Additionally, be wary of the instructions that come together with the medicine, since some drugs just do not mix. If you’re taking multiple drugs at once, consult your doctor beforehand. For instance, dextromethorphan is a common ingredient in cough suppressants but is well-known to interfere with depression medications. Other medicines may lead to an increase in blood pressure, while others may worsen existing symptoms that are as a result of a different disease.
Some words of caution
Improper use of medicines is one of the leading causes of death in the United States (including overdose). It’s only natural, then that we finish off by giving you some tips on how to avoid being another statistic. Cough suppressants are no different from other medicines. If you treat them badly, they will definitely lead to serious organ damage and even death. Most people think an overdose refers to chugging down a whole bottle of serum, but more often, it’s just because of failure of following instructions.
Read the Label
Always read the instructions that come with the bottle. Make sure you know what you are taking for your cough. So if anything goes awry, you’ll have a simple time of explaining it to your doctor. Even better, you can skip that whole charade and not get yourself in such a position, to begin with.
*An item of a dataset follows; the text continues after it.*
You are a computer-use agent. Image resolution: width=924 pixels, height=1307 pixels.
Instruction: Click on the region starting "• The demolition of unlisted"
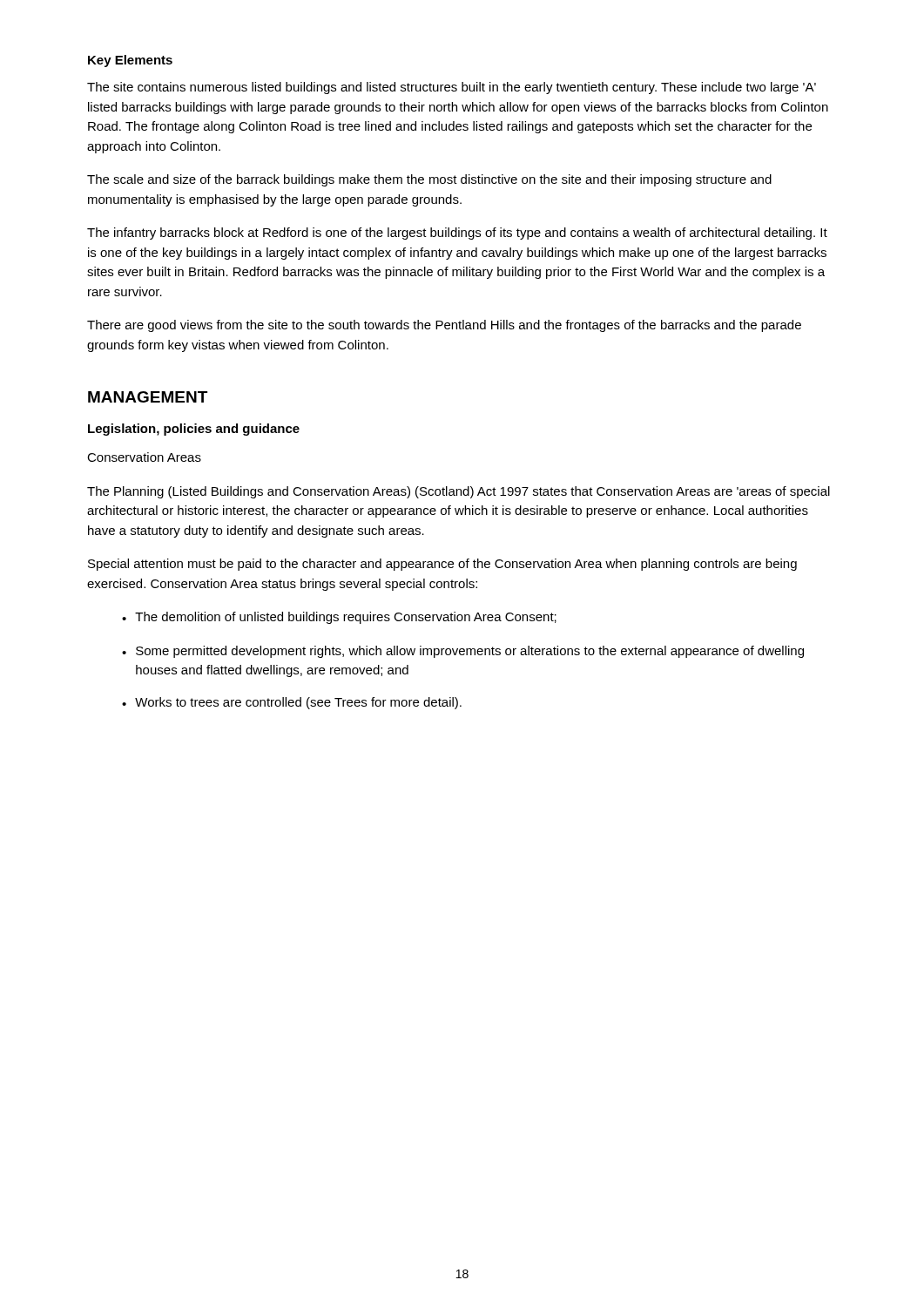click(x=340, y=618)

Don’t take medicine for more than a week
As a general rule, over-the-counter drugs are NOT a substitute for seeing a doctor. If your cough does not improve after a week, or if the medicine doesn’t seem to have any relative improvements even after three days, go see your doctor.
Always use the correct dose
Don’t ever drink medicine out of the bottle. Also, take your medicine at the right time and just the right amount. High doses will lead to liver damage or worse, while low doses are just not effective. If anything, you may be secretly starting a superbug epidemic right in your home.
Be careful with combination medicines
Try as much as you can to avoid arbitrarily picking medicines off the counter with medicine you’re already using. When mixed in such fashions, medicine can have some pretty disastrous consequences. Always consult your doctor regarding new medicines before getting them. If you have allergic reactions, you need to follow the same advice.
Keep out of reach of children
Children are by far the most likely to be harmed by poorly handled drugs. For one, always make sure the drug you’re giving them is suitable for children. You can see this on the box or check it online. All the previous advice regarding allergies and dosage also follows. If possible, track the last time you gave the medicine to your kid. If your kid is under the age 4 you shouldn’t give him/her any cough suppressing medicine. Unless your kid’s pediatrician gives you a prescription.
Don’t treat every cough
Sometimes, a cough doesn’t really mean anything, so not treating it is the only logical course of action to follow. Of course, there’s no real way of knowing whether it does or not, so if it doesn’t go away after a few days, or if other symptoms accompany it, it’s a safe bet to see a doctor first. Self-medication doesn’t always work, and even when it does, it’s not always the best response to getting sick.
Being stuck indoors all day thanks to the flu is never fun. In fact, if a cough is bad enough, your head will pound so badly. Plus, you may not even be able to sleep. Other times, your breath is just gone and you have all kinds of trouble sleeping. Cough suppressants are meant to alleviate the pain of having to endure all this. They will be able to give you huge amounts of relief so you can perform your other duties more diligently.